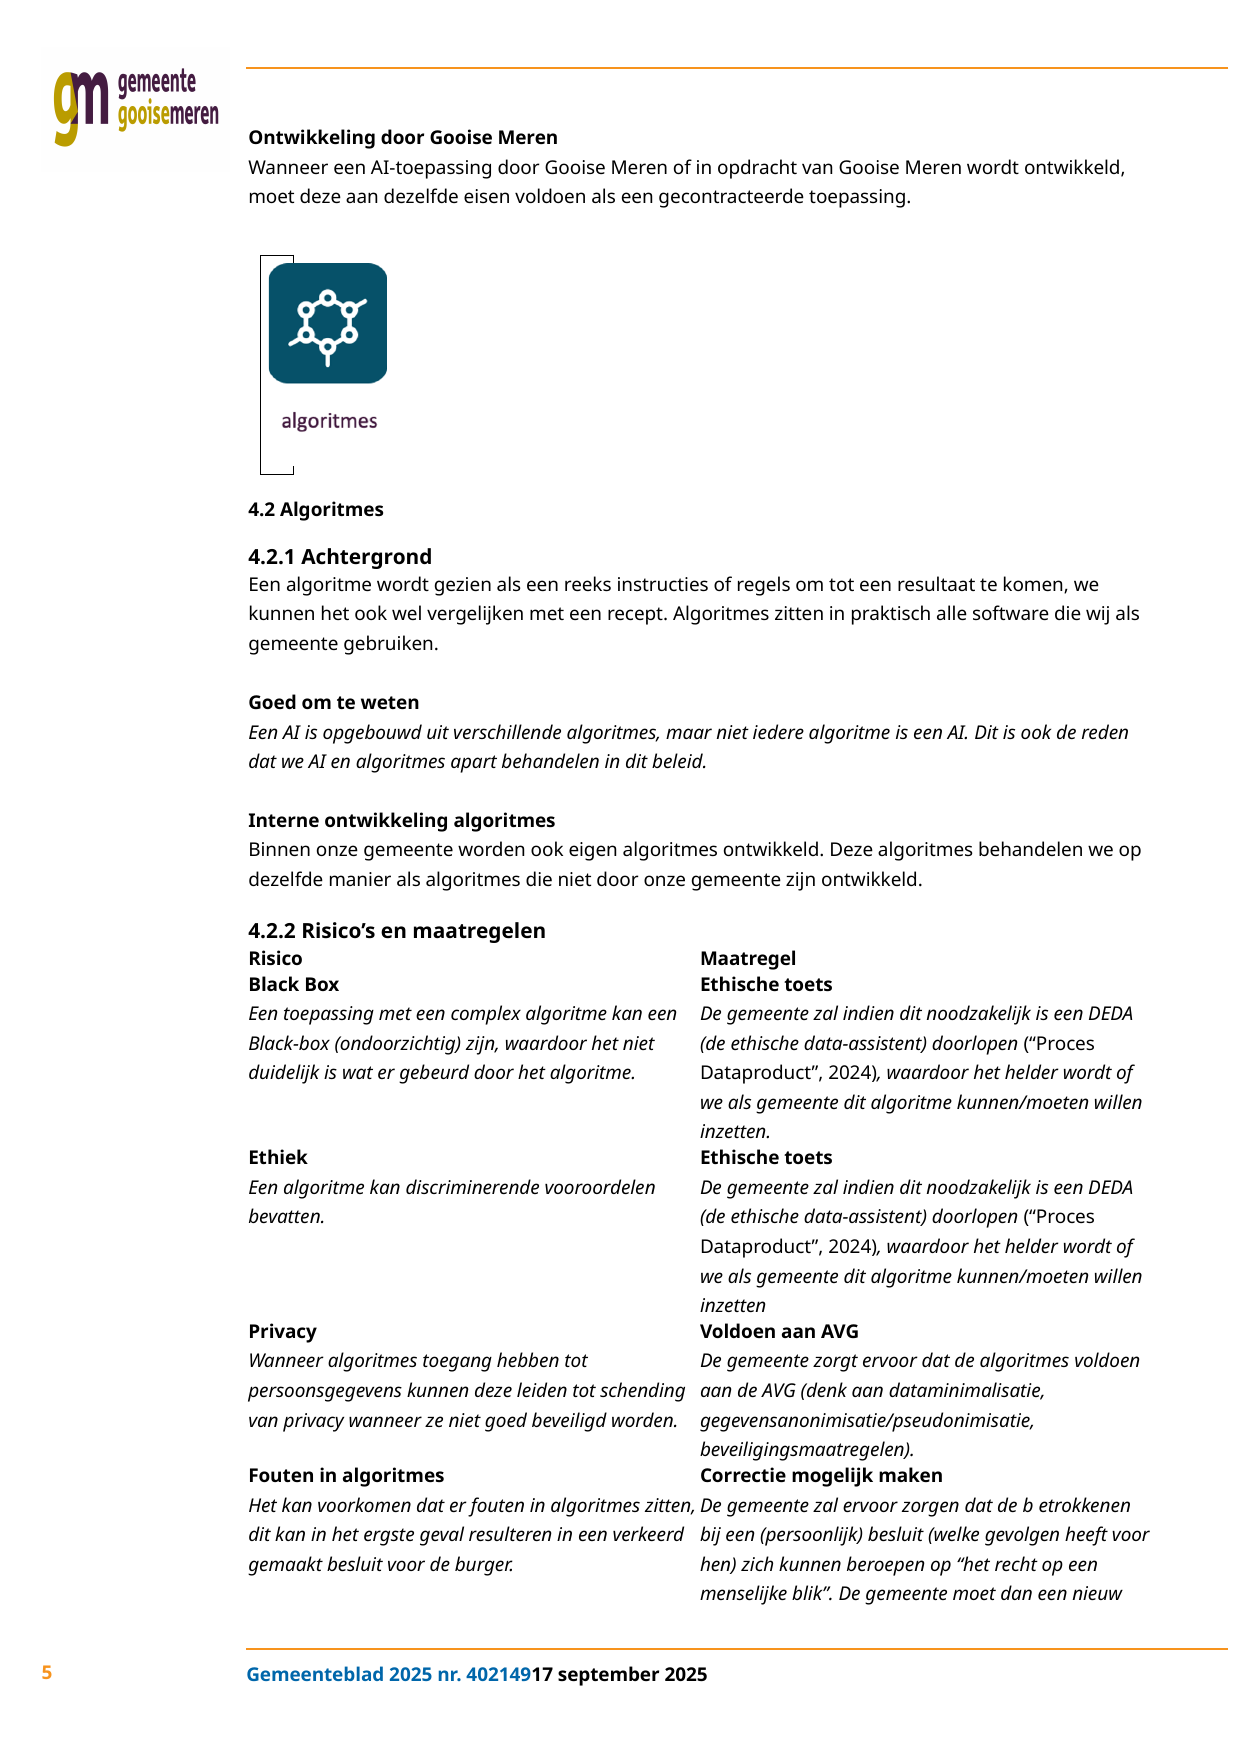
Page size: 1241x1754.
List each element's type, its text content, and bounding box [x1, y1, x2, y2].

table_cell Black Box Een toepassing met een complex algoritme kan een Black-box (ondoorzichtig) zijn, waardoor het niet duidelijk is wat er gebeurd door het algoritme. [248, 971, 700, 1144]
text 4.2 Algoritmes [248, 496, 1152, 522]
table_cell Privacy Wanneer algoritmes toegang hebben tot persoonsgegevens kunnen deze leiden tot schending van privacy wanneer ze niet goed beveiligd worden. [248, 1318, 700, 1462]
text Interne ontwikkeling algoritmes [248, 807, 1152, 833]
table_cell Correctie mogelijk maken De gemeente zal ervoor zorgen dat de b etrokkenen bij een (persoonlijk) besluit (welke gevolgen heeft voor hen) zich kunnen beroepen op “het recht op een menselijke blik”. De gemeente moet dan een nieuw [700, 1462, 1152, 1606]
picture [371, 263, 387, 274]
table_cell Ethische toets De gemeente zal indien dit noodzakelijk is een DEDA (de ethische data-assistent) doorlopen (“Proces Dataproduct”, 2024), waardoor het helder wordt of we als gemeente dit algoritme kunnen/moeten willen inzetten [700, 1145, 1152, 1318]
text 4.2.1 Achtergrond [248, 542, 1152, 571]
picture [289, 289, 367, 367]
table_header Goed om te weten Een AI is opgebouwd uit verschillende algoritmes, maar niet iedere algoritme is een AI. Dit is ook de reden dat we AI en algoritmes apart behandelen in dit beleid. [248, 689, 1152, 774]
table_header Risico [248, 945, 700, 971]
text Binnen onze gemeente worden ook eigen algoritmes ontwikkeld. Deze algoritmes behandelen we op dezelfde manier als algoritmes die niet door onze gemeente zijn ontwikkeld. [248, 837, 1152, 892]
picture [268, 263, 285, 277]
table_cell Fouten in algoritmes Het kan voorkomen dat er fouten in algoritmes zitten, dit kan in het ergste geval resulteren in een verkeerd gemaakt besluit voor de burger. [248, 1462, 700, 1606]
picture [268, 370, 387, 466]
table_header Maatregel [700, 945, 1152, 971]
picture [41, 47, 231, 172]
text 4.2.2 Risico’s en maatregelen [248, 917, 1152, 945]
table_cell Ethiek Een algoritme kan discriminerende vooroordelen bevatten. [248, 1145, 700, 1318]
table_cell Voldoen aan AVG De gemeente zorgt ervoor dat de algoritmes voldoen aan de AVG (denk aan dataminimalisatie, gegevensanonimisatie/pseudonimisatie, beveiligingsmaatregelen). [700, 1318, 1152, 1462]
text Een algoritme wordt gezien als een reeks instructies of regels om tot een resultaat te komen, we kunnen het ook wel vergelijken met een recept. Algoritmes zitten in praktisch alle software die wij als gemeente gebruiken. [248, 571, 1152, 656]
table_cell Ethische toets De gemeente zal indien dit noodzakelijk is een DEDA (de ethische data-assistent) doorlopen (“Proces Dataproduct”, 2024), waardoor het helder wordt of we als gemeente dit algoritme kunnen/moeten willen inzetten. [700, 971, 1152, 1144]
text Wanneer een AI-toepassing door Gooise Meren of in opdracht van Gooise Meren wordt ontwikkeld, moet deze aan dezelfde eisen voldoen als een gecontracteerde toepassing. [248, 154, 1152, 209]
text Ontwikkeling door Gooise Meren [248, 124, 1152, 150]
= = = = = = =
About this task: Copy exactly, and only, the lines from the line containing "text 4.2.2 Risico’s" to the end of the listing, with both ends included.

Reply:
text 4.2.2 Risico’s en maatregelen [248, 917, 1152, 945]
table_cell Ethiek Een algoritme kan discriminerende vooroordelen bevatten. [248, 1145, 700, 1318]
table_cell Voldoen aan AVG De gemeente zorgt ervoor dat de algoritmes voldoen aan de AVG (denk aan dataminimalisatie, gegevensanonimisatie/pseudonimisatie, beveiligingsmaatregelen). [700, 1318, 1152, 1462]
text Een algoritme wordt gezien als een reeks instructies of regels om tot een resultaat te komen, we kunnen het ook wel vergelijken met een recept. Algoritmes zitten in praktisch alle software die wij als gemeente gebruiken. [248, 571, 1152, 656]
table_cell Ethische toets De gemeente zal indien dit noodzakelijk is een DEDA (de ethische data-assistent) doorlopen (“Proces Dataproduct”, 2024), waardoor het helder wordt of we als gemeente dit algoritme kunnen/moeten willen inzetten. [700, 971, 1152, 1144]
text Wanneer een AI-toepassing door Gooise Meren of in opdracht van Gooise Meren wordt ontwikkeld, moet deze aan dezelfde eisen voldoen als een gecontracteerde toepassing. [248, 154, 1152, 209]
text Ontwikkeling door Gooise Meren [248, 124, 1152, 150]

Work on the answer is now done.